_Exercise brief:_
Drop every image and restate the entries below word for word.

_Data supplied:_

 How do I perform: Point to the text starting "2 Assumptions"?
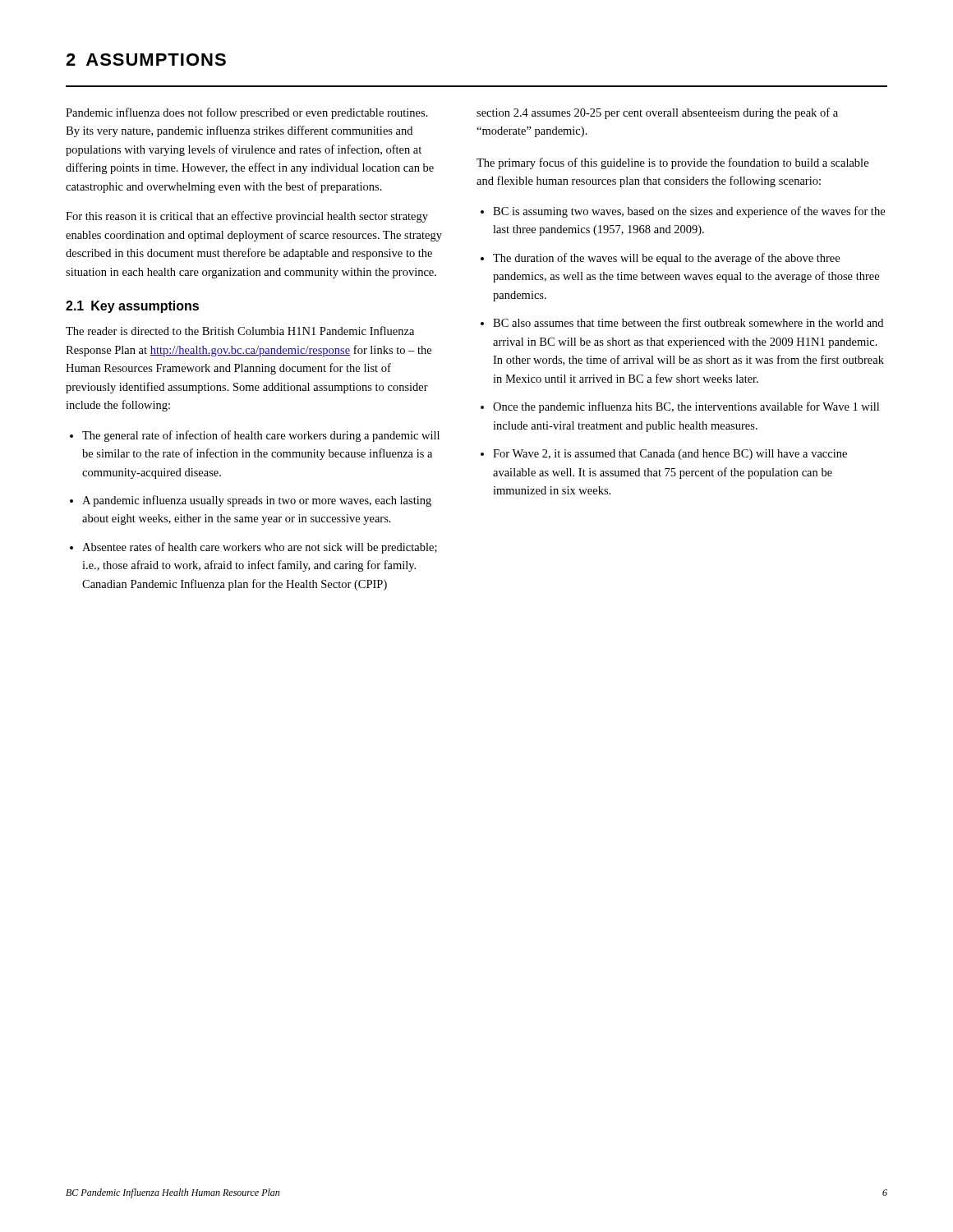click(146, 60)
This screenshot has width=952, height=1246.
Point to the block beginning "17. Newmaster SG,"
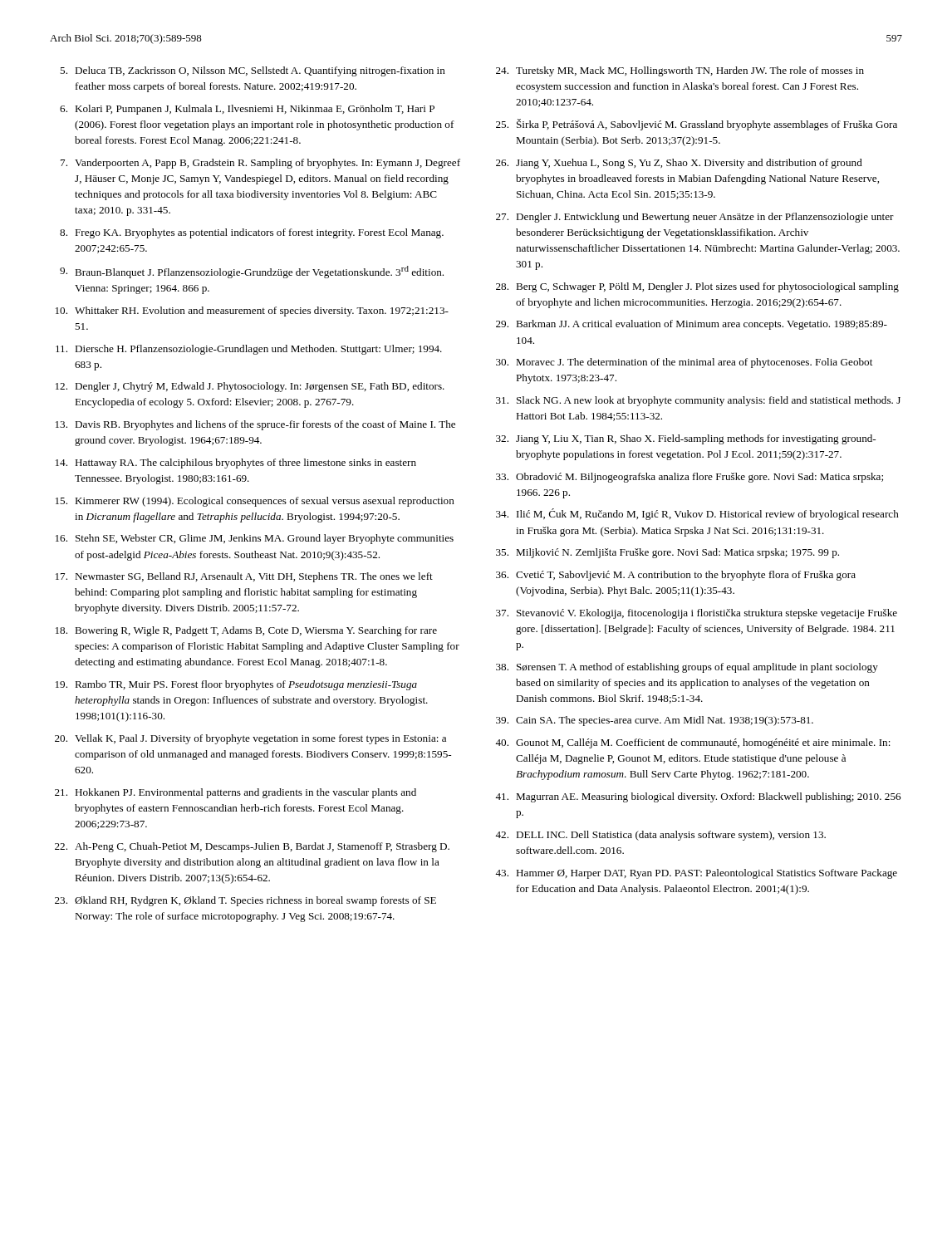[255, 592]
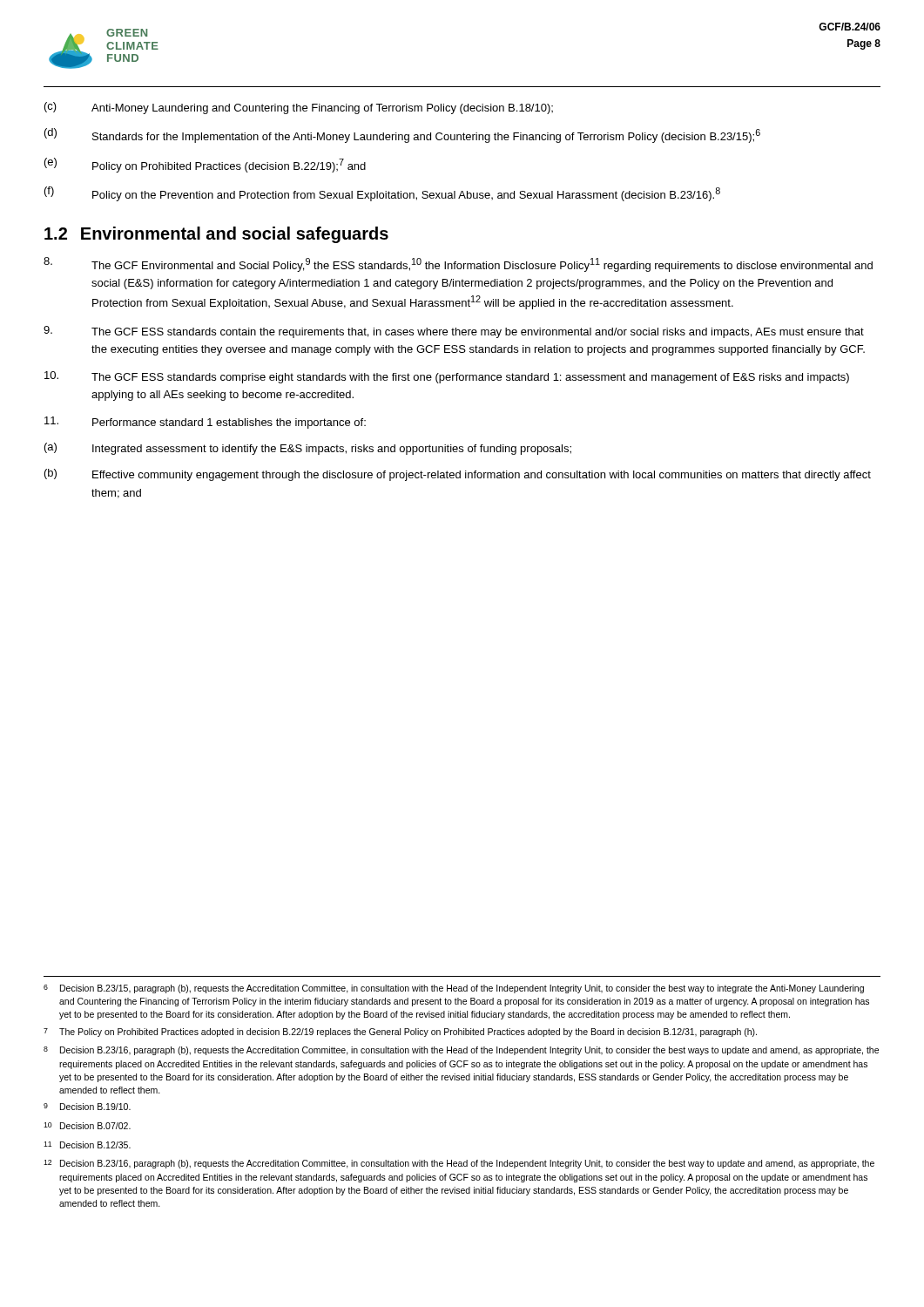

_Problem solution:_
 How do I perform: Point to the text starting "2 Assumptions"?
click(146, 60)
This screenshot has width=952, height=1246.
Point to the block beginning "17. Newmaster SG,"
[255, 592]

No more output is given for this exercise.